### DATA SUPPLIED
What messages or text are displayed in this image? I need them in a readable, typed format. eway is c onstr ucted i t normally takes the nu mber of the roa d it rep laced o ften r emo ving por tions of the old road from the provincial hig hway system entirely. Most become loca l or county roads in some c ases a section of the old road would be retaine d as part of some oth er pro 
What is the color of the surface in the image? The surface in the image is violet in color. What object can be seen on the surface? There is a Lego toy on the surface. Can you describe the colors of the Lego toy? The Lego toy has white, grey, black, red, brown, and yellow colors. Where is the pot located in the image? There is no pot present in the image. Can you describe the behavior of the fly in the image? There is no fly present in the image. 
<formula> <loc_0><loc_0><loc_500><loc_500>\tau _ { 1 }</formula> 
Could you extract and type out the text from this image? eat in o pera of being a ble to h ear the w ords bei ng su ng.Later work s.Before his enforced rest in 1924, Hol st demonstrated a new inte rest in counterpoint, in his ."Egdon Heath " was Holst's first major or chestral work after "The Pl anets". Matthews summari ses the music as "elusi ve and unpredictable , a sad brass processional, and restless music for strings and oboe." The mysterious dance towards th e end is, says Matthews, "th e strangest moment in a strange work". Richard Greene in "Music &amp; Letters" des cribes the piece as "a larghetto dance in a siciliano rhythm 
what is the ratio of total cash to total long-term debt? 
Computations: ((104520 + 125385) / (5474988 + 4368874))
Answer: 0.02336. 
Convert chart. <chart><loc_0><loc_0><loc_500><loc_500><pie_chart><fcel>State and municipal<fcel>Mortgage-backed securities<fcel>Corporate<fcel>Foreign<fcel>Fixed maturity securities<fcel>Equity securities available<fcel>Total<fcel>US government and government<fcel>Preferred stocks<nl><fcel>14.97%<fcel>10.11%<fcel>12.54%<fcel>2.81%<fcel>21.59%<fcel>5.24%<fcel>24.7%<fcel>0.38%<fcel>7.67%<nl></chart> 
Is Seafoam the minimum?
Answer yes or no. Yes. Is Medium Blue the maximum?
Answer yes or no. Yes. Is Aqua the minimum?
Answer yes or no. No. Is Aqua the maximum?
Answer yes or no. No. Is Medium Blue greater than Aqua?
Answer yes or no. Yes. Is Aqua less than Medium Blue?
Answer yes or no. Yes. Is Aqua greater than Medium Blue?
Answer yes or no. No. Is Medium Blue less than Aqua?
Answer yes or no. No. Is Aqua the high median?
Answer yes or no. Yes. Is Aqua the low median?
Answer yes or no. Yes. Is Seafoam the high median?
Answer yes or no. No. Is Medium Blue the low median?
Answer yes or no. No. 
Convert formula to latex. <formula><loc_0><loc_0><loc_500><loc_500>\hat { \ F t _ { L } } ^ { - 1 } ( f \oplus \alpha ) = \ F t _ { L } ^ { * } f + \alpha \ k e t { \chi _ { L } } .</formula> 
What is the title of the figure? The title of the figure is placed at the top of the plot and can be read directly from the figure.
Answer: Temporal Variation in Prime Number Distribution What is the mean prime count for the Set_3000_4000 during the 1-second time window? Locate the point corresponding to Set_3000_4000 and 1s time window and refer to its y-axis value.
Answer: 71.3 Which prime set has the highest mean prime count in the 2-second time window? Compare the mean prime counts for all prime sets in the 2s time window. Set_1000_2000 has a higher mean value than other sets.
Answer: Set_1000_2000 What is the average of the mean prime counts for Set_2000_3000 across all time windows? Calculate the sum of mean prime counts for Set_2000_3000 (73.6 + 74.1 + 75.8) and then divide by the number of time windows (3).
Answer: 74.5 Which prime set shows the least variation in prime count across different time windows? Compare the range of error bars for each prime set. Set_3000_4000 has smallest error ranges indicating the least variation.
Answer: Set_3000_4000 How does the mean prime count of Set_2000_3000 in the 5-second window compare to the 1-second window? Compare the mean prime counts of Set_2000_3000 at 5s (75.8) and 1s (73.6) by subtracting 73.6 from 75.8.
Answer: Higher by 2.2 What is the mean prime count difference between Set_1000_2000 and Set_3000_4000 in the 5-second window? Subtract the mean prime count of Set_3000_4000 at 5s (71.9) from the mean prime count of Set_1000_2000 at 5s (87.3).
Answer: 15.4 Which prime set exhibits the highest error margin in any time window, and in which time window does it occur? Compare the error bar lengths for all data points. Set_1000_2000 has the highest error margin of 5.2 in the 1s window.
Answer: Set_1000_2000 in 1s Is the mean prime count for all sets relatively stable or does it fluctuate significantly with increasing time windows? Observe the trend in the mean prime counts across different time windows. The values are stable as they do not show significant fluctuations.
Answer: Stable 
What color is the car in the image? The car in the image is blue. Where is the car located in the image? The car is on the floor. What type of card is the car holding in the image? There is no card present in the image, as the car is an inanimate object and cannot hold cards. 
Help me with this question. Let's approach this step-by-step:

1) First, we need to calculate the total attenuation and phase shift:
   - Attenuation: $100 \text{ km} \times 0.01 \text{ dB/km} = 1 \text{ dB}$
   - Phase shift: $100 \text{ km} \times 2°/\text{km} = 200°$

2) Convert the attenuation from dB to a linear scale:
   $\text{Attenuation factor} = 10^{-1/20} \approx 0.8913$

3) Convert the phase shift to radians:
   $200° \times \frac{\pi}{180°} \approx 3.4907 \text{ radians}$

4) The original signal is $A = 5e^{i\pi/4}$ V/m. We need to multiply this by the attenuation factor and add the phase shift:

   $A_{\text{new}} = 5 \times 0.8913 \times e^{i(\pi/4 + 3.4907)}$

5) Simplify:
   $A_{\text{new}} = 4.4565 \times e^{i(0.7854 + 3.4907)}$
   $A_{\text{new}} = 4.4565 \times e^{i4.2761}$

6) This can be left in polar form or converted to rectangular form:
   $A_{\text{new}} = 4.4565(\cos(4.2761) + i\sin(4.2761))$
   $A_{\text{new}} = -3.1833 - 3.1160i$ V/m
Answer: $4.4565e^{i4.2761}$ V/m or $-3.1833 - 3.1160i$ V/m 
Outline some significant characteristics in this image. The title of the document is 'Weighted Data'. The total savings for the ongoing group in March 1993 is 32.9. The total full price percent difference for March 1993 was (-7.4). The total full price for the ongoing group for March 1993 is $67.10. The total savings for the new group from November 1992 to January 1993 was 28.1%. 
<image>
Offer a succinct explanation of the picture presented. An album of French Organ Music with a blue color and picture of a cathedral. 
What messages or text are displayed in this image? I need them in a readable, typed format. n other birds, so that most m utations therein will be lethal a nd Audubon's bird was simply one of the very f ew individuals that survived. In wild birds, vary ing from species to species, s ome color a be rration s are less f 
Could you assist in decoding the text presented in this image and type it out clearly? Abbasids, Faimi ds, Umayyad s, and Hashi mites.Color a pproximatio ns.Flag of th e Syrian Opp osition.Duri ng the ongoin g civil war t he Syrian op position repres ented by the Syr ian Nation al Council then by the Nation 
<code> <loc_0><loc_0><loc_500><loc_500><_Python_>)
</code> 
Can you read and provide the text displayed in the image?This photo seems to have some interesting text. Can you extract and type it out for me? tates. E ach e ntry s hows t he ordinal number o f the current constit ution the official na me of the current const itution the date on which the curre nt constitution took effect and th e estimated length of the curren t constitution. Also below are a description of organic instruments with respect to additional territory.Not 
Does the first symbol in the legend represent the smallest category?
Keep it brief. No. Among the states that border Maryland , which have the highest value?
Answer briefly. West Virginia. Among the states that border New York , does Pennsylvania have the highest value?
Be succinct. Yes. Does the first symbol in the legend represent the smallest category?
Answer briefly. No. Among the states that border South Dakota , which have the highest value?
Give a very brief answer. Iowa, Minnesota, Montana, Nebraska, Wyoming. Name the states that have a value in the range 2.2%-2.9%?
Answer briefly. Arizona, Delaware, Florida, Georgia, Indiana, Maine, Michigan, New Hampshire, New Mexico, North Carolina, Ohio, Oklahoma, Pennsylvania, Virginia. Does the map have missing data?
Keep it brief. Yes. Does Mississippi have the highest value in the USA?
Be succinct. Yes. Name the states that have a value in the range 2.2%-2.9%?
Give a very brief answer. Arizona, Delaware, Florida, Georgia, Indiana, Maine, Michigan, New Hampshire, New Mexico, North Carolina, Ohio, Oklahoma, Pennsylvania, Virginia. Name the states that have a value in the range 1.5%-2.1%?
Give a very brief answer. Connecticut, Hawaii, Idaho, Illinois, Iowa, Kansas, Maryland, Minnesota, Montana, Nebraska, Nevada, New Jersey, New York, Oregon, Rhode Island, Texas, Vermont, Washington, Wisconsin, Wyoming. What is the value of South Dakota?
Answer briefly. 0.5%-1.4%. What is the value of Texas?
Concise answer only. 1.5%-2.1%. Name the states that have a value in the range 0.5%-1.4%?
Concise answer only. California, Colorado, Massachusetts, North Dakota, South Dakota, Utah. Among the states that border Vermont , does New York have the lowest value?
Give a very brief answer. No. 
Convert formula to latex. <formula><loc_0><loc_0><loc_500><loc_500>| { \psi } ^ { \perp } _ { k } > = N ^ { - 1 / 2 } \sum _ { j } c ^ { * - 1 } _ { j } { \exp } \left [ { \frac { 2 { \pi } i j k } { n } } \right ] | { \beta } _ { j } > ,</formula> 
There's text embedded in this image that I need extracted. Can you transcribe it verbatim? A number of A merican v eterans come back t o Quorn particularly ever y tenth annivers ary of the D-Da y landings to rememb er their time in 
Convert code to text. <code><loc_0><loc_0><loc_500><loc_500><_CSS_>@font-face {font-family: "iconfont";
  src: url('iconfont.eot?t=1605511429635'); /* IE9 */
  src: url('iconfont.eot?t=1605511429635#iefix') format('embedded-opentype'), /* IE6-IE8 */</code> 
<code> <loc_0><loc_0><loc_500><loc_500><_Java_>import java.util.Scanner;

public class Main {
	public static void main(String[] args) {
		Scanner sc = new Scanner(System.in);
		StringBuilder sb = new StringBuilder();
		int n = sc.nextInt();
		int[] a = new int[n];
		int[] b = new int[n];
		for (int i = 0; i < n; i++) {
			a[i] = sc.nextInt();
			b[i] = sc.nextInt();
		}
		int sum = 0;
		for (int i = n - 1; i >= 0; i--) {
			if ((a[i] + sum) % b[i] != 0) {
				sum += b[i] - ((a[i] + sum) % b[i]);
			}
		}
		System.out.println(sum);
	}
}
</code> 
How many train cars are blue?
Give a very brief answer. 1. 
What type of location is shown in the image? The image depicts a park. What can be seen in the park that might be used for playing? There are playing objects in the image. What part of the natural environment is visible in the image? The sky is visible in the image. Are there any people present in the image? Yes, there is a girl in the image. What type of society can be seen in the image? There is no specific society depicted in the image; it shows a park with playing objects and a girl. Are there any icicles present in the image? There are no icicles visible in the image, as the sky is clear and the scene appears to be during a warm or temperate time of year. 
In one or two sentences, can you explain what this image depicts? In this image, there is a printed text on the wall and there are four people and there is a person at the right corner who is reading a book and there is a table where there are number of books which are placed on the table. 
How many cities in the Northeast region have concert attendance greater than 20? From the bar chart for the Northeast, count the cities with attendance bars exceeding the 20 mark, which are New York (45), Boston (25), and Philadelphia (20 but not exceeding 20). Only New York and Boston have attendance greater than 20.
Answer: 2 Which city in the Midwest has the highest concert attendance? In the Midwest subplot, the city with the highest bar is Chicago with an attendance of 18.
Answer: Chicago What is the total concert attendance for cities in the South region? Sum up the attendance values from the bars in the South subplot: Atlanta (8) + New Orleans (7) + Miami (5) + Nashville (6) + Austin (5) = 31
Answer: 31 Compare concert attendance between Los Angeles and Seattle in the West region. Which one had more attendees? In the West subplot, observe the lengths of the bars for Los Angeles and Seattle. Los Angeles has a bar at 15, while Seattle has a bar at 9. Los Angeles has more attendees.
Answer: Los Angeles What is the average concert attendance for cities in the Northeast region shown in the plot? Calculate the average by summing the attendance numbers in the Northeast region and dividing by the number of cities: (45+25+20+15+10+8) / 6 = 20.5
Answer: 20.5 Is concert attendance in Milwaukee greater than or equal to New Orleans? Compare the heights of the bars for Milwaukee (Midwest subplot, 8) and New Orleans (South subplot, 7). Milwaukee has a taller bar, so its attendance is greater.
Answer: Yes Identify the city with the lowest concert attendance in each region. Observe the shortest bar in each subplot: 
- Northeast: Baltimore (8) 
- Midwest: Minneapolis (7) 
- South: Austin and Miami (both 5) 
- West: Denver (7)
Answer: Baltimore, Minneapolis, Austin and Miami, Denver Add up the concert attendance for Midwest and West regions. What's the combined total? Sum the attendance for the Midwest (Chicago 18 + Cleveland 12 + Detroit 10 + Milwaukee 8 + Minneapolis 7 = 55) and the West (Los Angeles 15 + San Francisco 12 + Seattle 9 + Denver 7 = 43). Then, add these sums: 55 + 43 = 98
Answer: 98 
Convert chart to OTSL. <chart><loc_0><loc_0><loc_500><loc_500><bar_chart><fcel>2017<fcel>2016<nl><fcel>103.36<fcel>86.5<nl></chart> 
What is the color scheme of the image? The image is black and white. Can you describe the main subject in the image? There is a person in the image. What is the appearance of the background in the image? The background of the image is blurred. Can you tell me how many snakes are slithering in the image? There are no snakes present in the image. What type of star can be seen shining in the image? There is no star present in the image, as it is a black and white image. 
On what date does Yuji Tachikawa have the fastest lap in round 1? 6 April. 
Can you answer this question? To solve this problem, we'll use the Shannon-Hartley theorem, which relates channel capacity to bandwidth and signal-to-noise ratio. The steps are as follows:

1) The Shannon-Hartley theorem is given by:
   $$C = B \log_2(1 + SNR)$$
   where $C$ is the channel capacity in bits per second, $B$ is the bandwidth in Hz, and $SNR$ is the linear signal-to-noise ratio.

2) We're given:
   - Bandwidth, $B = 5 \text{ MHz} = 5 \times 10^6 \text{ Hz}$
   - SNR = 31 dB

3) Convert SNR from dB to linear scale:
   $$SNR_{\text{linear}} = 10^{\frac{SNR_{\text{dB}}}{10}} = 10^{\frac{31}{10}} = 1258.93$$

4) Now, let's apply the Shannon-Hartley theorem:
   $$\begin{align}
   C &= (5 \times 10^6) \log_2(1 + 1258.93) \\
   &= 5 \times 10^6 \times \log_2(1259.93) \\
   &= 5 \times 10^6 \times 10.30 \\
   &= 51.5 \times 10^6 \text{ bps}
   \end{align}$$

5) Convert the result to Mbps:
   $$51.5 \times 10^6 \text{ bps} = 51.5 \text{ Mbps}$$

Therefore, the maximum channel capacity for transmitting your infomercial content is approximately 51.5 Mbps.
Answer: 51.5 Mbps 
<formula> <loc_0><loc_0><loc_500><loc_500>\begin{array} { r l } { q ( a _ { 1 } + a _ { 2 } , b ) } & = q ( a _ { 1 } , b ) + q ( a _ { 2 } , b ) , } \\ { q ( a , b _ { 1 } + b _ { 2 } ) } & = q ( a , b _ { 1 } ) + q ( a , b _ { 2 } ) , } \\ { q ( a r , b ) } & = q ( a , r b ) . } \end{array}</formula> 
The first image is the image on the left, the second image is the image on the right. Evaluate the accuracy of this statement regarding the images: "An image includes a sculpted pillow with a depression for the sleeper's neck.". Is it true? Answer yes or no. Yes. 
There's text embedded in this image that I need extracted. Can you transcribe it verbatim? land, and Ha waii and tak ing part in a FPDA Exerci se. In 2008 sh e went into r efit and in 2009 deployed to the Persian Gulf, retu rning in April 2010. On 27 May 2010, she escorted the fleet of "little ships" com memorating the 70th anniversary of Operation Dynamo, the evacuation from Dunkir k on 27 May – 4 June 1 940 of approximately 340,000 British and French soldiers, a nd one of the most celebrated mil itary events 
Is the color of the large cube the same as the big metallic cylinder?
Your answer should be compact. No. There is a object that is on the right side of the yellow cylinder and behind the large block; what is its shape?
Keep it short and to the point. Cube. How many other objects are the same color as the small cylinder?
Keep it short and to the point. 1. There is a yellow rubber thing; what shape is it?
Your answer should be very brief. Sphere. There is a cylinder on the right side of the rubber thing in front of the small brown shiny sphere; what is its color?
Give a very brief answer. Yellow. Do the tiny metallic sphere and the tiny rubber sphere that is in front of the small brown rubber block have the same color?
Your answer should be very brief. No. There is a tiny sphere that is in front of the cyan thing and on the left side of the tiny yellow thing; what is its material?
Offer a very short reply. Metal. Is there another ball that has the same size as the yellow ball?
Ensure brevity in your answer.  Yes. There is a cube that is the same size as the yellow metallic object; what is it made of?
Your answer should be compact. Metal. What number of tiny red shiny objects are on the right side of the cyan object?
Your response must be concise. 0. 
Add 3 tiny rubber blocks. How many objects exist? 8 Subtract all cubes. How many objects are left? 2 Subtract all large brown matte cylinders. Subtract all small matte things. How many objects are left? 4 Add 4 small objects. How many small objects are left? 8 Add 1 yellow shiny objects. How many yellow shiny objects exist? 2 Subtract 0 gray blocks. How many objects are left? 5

### PROMPT
Send back an exact copy of only the lines from the line with "s are less f" up to and including the line with "Montana, Nebraska, Wyoming." in the data above.

### ANSWER TO THE EXERCISE
What messages or text are displayed in this image? I need them in a readable, typed format. n other birds, so that most m utations therein will be lethal a nd Audubon's bird was simply one of the very f ew individuals that survived. In wild birds, vary ing from species to species, s ome color a be rration s are less f 
Could you assist in decoding the text presented in this image and type it out clearly? Abbasids, Faimi ds, Umayyad s, and Hashi mites.Color a pproximatio ns.Flag of th e Syrian Opp osition.Duri ng the ongoin g civil war t he Syrian op position repres ented by the Syr ian Nation al Council then by the Nation 
<code> <loc_0><loc_0><loc_500><loc_500><_Python_>)
</code> 
Can you read and provide the text displayed in the image?This photo seems to have some interesting text. Can you extract and type it out for me? tates. E ach e ntry s hows t he ordinal number o f the current constit ution the official na me of the current const itution the date on which the curre nt constitution took effect and th e estimated length of the curren t constitution. Also below are a description of organic instruments with respect to additional territory.Not 
Does the first symbol in the legend represent the smallest category?
Keep it brief. No. Among the states that border Maryland , which have the highest value?
Answer briefly. West Virginia. Among the states that border New York , does Pennsylvania have the highest value?
Be succinct. Yes. Does the first symbol in the legend represent the smallest category?
Answer briefly. No. Among the states that border South Dakota , which have the highest value?
Give a very brief answer. Iowa, Minnesota, Montana, Nebraska, Wyoming. Name the states that have a value in the range 2.2%-2.9%?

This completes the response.